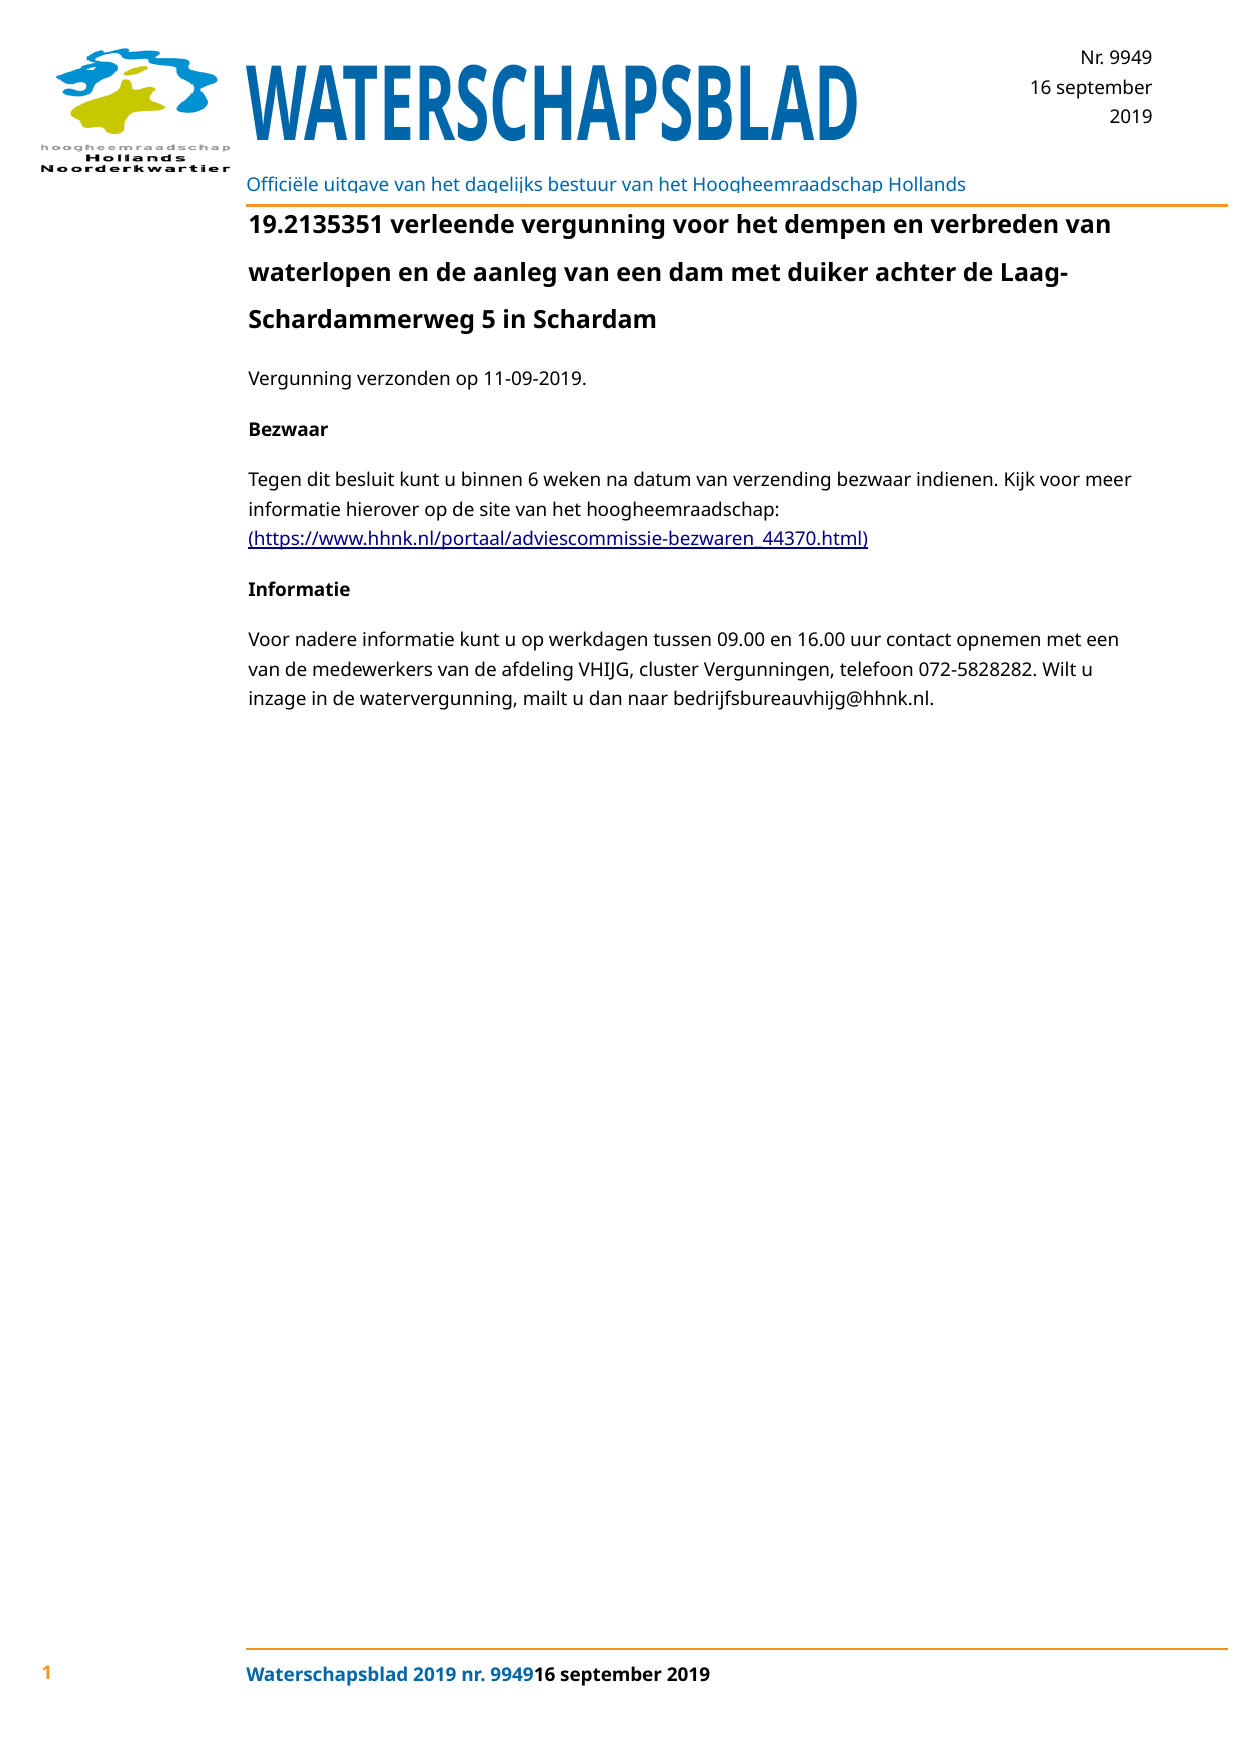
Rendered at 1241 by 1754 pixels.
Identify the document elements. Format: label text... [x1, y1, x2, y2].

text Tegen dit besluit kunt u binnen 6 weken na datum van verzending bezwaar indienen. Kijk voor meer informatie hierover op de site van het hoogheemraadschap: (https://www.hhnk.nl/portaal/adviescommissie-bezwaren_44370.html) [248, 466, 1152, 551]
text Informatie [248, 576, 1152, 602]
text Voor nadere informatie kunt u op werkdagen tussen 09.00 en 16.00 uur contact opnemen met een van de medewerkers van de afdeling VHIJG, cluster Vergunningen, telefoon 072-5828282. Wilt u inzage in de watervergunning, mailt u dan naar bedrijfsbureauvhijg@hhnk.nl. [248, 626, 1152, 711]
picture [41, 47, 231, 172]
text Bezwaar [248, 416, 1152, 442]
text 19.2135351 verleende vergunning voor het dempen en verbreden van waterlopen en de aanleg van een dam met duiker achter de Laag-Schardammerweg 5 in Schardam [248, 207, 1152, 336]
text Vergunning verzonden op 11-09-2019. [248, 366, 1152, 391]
——
— PROBLEM REQUIREMENTS —
Reproduce all of the records above exactly, but exclude the pictures.

— FINAL ANSWER —
Rendered at 1241 by 1754 pixels.
Identify the document elements. Format: label text... [x1, y1, x2, y2].

text Tegen dit besluit kunt u binnen 6 weken na datum van verzending bezwaar indienen. Kijk voor meer informatie hierover op de site van het hoogheemraadschap: (https://www.hhnk.nl/portaal/adviescommissie-bezwaren_44370.html) [248, 466, 1152, 551]
text Informatie [248, 576, 1152, 602]
text Voor nadere informatie kunt u op werkdagen tussen 09.00 en 16.00 uur contact opnemen met een van de medewerkers van de afdeling VHIJG, cluster Vergunningen, telefoon 072-5828282. Wilt u inzage in de watervergunning, mailt u dan naar bedrijfsbureauvhijg@hhnk.nl. [248, 626, 1152, 711]
picture [41, 47, 231, 172]
text Bezwaar [248, 416, 1152, 442]
text 19.2135351 verleende vergunning voor het dempen en verbreden van waterlopen en de aanleg van een dam met duiker achter de Laag-Schardammerweg 5 in Schardam [248, 207, 1152, 336]
text Vergunning verzonden op 11-09-2019. [248, 366, 1152, 391]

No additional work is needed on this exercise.